8. The malware detection device of claim 7, wherein the characteristic information comprises at least one of: size of the image, global mean grayscale of the image, global standard grayscale deviation of the image, mean grayscale pmu of partition k_kGray scale standard deviation of partition k psi_kK is 1 to K, all pmu_kMean of (n), (p_kStd (pmu) standard deviation of (A), all pmu_kAll pmu_kAll pmu in the partition in which the maximum is located_kMinimum of (a), all pmu_kAll psi_kMean of (psi), all psi_kStandard deviation of std (psi), all psi_kMaximum of, all psi_kAll psi_kMinimum value of (a), all psi_kThe minimum value of (a), the mean value of all values in pmuk which are less than mean (pmu) -3 std (pmu), the standard deviation of all values in pmuk which are less than mean (pmu) -3 std (pmu), pmu_kMean of all values greater than mean (pmu) +3 std (pmu), pmu_kStandard deviation of all values greater than mean (pmu) +3 std (pmu), psi_kMean of all values less than mean (psi) -3 std (psi), psi_kStandard deviation of all values less than mean (psi) -3 × std (psi), psi_kMean of all values greater than mean (psi) +3 std (psi), psi_kThe standard deviation of all values greater than mean (psi) +3 × std (psi), wherein the image is divided into K partitions from top to bottom with a preset sliding step, each partition comprising n rows, the K>1, n is less than the total number of lines of the image.

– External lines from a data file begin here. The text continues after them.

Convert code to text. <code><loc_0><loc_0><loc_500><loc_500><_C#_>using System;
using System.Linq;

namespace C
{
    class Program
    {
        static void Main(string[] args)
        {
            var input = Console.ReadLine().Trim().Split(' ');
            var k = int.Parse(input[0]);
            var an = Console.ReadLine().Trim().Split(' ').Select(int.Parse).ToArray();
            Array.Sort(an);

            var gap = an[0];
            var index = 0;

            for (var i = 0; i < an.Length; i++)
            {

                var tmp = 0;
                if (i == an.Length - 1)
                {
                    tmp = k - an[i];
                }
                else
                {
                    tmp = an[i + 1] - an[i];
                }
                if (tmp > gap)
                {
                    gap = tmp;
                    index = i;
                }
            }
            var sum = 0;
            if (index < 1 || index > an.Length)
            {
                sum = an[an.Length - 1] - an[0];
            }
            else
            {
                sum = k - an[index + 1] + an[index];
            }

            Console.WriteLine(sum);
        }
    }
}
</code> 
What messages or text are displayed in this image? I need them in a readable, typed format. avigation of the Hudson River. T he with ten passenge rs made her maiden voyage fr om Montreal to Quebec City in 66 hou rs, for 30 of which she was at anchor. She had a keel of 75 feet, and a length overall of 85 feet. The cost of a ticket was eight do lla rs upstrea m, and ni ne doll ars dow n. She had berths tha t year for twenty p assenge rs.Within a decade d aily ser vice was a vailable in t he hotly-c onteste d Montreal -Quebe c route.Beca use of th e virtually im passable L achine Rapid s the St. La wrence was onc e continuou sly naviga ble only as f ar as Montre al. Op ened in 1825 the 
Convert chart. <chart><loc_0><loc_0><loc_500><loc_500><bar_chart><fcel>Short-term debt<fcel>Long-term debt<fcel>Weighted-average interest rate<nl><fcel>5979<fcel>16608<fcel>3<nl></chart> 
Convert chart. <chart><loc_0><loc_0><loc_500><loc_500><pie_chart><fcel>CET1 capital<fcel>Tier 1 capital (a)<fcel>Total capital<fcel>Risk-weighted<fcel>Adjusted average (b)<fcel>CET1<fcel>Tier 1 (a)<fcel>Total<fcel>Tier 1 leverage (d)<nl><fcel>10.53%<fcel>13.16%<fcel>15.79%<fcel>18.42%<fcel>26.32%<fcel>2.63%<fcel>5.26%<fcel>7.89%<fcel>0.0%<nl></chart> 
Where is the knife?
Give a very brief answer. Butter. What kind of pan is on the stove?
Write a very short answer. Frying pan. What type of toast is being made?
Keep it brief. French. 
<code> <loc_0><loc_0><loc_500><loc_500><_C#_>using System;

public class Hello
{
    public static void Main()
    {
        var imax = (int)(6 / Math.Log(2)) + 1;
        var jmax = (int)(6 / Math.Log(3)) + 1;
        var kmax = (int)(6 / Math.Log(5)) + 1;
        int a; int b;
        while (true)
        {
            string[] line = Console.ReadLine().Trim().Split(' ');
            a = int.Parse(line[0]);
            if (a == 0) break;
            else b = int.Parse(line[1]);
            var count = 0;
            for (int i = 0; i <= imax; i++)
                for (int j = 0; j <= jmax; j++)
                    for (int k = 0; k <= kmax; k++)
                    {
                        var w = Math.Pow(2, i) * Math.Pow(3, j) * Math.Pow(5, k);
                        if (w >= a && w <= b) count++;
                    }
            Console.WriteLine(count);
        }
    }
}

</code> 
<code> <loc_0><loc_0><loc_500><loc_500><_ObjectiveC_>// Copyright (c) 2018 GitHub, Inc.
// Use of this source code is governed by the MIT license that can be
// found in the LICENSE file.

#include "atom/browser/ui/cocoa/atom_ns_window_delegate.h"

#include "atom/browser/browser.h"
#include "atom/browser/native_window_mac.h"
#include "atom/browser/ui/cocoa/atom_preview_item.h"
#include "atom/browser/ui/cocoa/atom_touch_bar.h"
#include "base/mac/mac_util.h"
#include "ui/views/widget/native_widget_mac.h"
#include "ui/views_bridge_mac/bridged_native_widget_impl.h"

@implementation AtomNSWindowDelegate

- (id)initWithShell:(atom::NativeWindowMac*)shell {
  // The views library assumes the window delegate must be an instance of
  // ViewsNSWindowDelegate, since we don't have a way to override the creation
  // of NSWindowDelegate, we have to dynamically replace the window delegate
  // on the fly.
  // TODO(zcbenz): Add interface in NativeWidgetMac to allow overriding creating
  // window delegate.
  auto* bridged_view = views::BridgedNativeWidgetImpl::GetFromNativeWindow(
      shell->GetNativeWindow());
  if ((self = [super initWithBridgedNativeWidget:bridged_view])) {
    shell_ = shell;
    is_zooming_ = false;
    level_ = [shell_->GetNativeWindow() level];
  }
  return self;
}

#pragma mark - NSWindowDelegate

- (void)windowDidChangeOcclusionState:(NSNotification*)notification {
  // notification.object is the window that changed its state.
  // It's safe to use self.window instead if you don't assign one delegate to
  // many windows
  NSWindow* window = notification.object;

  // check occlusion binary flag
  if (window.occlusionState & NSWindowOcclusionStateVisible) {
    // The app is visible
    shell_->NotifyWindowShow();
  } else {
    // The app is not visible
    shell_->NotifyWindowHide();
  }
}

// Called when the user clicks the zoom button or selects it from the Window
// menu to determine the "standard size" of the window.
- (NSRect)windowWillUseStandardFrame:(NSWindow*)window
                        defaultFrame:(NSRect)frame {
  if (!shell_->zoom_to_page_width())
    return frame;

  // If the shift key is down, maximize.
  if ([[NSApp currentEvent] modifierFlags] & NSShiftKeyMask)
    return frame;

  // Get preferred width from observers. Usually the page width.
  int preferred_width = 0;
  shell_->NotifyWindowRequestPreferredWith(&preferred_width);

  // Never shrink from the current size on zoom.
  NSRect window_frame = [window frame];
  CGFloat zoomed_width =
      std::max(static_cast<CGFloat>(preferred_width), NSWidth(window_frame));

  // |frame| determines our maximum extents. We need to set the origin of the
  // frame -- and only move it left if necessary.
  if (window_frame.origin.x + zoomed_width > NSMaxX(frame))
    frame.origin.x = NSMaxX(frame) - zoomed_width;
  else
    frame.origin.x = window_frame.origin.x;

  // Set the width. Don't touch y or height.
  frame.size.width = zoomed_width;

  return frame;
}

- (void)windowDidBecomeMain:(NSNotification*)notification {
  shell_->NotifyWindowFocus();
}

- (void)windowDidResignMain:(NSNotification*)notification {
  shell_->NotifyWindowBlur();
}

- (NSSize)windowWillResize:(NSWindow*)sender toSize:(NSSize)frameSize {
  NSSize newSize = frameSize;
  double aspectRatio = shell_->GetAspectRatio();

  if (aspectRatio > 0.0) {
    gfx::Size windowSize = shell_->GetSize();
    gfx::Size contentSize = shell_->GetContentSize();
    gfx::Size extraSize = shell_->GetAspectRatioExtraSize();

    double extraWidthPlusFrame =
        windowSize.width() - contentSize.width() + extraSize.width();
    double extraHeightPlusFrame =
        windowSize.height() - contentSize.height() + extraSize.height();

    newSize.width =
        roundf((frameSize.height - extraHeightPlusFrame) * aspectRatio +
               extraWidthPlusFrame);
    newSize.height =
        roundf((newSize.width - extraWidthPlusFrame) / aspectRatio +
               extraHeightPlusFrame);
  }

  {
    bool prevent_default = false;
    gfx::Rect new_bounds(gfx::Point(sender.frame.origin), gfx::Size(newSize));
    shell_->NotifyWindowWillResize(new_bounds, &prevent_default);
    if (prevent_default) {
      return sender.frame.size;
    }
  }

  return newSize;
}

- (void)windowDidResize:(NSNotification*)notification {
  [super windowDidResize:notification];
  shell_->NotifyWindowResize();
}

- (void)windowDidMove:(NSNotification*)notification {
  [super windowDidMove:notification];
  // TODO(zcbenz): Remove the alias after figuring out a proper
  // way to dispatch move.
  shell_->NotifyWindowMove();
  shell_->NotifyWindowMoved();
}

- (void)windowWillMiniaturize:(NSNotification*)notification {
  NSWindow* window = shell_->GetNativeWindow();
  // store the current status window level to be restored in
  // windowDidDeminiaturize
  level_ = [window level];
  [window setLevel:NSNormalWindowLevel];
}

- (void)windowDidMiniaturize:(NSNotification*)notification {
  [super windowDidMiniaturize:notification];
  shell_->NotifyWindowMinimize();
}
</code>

9. A malware detection apparatus comprising a memory and a processor, the memory storing a program that, when read and executed by the processor, implements the malware detection method according to any one of claims 1 to 6.

10. A computer-readable storage medium storing one or more programs, the one or more programs being executable by one or more processors to implement the malware detection method of any one of claims 1 to 6.